Activity = From the line with "Subject of this" through the line with "#2 shoe [302,437,830,1118]", inclusive, return each line of the data below exactly and leave the rest out.

+ + + + +

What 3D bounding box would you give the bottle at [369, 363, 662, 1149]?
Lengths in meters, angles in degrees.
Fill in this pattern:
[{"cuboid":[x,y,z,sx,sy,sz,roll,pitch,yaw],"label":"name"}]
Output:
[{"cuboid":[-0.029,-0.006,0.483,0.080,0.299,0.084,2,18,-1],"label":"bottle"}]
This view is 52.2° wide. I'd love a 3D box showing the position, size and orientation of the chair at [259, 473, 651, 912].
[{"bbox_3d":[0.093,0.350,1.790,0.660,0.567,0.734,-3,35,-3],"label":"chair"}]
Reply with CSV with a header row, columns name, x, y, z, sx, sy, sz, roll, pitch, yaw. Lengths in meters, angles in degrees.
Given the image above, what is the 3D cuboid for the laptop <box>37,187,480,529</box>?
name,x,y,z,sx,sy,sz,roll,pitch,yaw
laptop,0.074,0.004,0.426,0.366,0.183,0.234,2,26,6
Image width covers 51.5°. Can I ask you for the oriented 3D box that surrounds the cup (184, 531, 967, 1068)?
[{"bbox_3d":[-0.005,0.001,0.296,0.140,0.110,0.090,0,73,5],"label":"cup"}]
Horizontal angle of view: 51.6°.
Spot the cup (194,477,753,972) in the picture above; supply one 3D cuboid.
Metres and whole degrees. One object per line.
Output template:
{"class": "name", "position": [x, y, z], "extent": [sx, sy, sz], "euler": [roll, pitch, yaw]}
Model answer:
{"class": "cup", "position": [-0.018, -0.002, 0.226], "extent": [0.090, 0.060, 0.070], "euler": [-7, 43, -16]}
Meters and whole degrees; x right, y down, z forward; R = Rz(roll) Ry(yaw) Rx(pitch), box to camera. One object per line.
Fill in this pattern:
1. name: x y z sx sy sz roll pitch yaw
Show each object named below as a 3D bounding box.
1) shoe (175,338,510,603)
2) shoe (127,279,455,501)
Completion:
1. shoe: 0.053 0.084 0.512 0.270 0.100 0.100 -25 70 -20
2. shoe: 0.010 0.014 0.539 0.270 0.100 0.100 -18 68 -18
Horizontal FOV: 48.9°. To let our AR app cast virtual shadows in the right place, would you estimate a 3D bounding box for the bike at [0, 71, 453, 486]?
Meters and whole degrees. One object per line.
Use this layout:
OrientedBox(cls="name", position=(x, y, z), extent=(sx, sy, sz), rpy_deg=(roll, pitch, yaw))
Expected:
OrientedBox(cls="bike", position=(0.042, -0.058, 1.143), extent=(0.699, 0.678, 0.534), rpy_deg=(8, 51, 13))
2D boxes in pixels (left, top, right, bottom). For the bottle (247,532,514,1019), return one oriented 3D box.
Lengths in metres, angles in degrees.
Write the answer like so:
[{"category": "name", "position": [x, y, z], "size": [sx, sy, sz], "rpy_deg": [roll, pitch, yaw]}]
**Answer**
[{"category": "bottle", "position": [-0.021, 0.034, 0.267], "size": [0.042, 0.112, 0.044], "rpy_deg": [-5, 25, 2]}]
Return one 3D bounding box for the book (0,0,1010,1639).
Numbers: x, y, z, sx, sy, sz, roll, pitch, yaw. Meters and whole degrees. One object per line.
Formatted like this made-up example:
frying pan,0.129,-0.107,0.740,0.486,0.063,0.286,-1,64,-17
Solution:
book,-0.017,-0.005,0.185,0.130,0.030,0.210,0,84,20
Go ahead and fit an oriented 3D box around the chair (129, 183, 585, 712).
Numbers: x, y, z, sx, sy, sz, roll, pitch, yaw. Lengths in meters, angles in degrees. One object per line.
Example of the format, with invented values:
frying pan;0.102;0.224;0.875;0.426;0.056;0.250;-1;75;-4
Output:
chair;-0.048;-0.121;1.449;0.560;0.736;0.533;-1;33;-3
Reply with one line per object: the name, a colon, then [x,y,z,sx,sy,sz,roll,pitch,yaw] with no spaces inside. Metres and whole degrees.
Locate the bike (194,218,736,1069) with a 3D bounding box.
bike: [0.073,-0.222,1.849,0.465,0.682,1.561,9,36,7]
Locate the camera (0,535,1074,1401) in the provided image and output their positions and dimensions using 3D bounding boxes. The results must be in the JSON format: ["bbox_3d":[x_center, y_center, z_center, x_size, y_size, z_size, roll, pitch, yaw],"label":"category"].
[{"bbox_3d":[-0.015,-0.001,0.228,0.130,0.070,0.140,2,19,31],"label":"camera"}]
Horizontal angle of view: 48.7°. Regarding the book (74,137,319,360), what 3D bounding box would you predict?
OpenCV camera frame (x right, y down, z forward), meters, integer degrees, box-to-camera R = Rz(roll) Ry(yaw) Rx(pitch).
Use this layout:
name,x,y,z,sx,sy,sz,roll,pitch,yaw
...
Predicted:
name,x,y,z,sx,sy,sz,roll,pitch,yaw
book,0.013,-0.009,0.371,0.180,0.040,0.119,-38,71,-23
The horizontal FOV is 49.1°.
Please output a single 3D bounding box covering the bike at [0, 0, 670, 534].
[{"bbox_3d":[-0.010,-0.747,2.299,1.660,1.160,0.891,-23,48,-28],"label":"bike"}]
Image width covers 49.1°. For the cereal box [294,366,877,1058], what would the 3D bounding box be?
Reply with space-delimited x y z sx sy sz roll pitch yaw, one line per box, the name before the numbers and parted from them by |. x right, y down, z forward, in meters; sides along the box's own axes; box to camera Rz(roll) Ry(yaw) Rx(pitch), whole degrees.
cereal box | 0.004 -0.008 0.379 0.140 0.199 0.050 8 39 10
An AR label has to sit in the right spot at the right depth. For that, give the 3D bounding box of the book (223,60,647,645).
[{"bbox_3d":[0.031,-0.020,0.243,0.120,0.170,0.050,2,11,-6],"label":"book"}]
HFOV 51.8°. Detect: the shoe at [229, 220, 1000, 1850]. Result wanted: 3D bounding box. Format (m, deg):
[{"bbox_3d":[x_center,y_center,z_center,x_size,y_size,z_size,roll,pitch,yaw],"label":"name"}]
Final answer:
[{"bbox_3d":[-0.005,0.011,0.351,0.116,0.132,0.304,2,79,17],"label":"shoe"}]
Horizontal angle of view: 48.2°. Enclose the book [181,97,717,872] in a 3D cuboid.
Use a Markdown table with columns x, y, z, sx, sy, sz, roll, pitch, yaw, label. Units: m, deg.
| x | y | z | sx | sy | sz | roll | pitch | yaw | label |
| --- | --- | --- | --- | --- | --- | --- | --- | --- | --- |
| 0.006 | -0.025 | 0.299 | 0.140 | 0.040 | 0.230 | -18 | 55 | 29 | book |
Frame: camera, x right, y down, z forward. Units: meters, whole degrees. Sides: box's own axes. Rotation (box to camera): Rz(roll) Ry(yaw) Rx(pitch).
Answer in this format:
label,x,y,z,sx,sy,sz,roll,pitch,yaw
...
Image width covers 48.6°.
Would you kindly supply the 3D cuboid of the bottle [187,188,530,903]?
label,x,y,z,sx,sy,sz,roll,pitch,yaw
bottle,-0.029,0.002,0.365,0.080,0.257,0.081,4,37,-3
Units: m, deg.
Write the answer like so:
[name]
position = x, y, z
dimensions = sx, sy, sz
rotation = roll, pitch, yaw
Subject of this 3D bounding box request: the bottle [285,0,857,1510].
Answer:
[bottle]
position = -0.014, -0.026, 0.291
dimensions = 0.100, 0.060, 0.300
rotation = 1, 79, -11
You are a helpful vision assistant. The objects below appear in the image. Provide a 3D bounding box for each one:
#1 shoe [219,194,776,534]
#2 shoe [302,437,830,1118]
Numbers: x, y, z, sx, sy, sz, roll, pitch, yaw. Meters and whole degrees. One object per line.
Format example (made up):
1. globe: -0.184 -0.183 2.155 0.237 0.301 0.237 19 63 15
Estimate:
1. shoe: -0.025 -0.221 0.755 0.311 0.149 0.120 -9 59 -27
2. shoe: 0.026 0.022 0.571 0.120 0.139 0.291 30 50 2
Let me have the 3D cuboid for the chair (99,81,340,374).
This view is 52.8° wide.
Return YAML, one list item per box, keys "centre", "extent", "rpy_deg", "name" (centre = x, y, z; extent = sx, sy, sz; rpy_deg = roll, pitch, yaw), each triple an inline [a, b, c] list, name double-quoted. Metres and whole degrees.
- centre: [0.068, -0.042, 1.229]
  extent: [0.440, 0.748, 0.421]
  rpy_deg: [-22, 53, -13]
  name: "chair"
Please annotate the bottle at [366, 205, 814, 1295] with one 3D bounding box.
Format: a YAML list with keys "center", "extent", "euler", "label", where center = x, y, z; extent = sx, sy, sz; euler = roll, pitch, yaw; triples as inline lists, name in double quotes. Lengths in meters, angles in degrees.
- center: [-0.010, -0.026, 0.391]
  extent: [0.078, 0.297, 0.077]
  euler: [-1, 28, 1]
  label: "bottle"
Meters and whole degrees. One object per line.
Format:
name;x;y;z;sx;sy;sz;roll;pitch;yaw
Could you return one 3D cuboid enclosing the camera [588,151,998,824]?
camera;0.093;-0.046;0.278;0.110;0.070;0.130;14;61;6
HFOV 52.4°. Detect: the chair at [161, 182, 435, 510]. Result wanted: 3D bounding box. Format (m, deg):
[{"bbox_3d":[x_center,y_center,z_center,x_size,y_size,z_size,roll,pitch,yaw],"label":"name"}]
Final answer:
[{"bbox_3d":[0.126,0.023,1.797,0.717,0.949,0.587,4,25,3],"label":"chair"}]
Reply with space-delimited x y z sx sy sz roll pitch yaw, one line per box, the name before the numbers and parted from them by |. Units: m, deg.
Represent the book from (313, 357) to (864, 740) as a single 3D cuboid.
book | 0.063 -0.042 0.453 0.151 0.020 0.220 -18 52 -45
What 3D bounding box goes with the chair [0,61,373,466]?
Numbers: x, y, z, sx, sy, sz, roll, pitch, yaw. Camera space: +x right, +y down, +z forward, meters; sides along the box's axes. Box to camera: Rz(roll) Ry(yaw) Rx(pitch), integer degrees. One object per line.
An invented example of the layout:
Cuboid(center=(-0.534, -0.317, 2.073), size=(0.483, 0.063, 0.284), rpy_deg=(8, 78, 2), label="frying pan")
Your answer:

+ + + + +

Result for this task =
Subject of this 3D bounding box request: the bottle [285,0,857,1510].
Answer:
[bottle]
position = -0.014, -0.026, 0.291
dimensions = 0.100, 0.060, 0.300
rotation = 1, 79, -11
You are a helpful vision assistant. The objects below appear in the image. Provide a 3D bounding box for each one:
#1 shoe [219,194,776,534]
#2 shoe [302,437,830,1118]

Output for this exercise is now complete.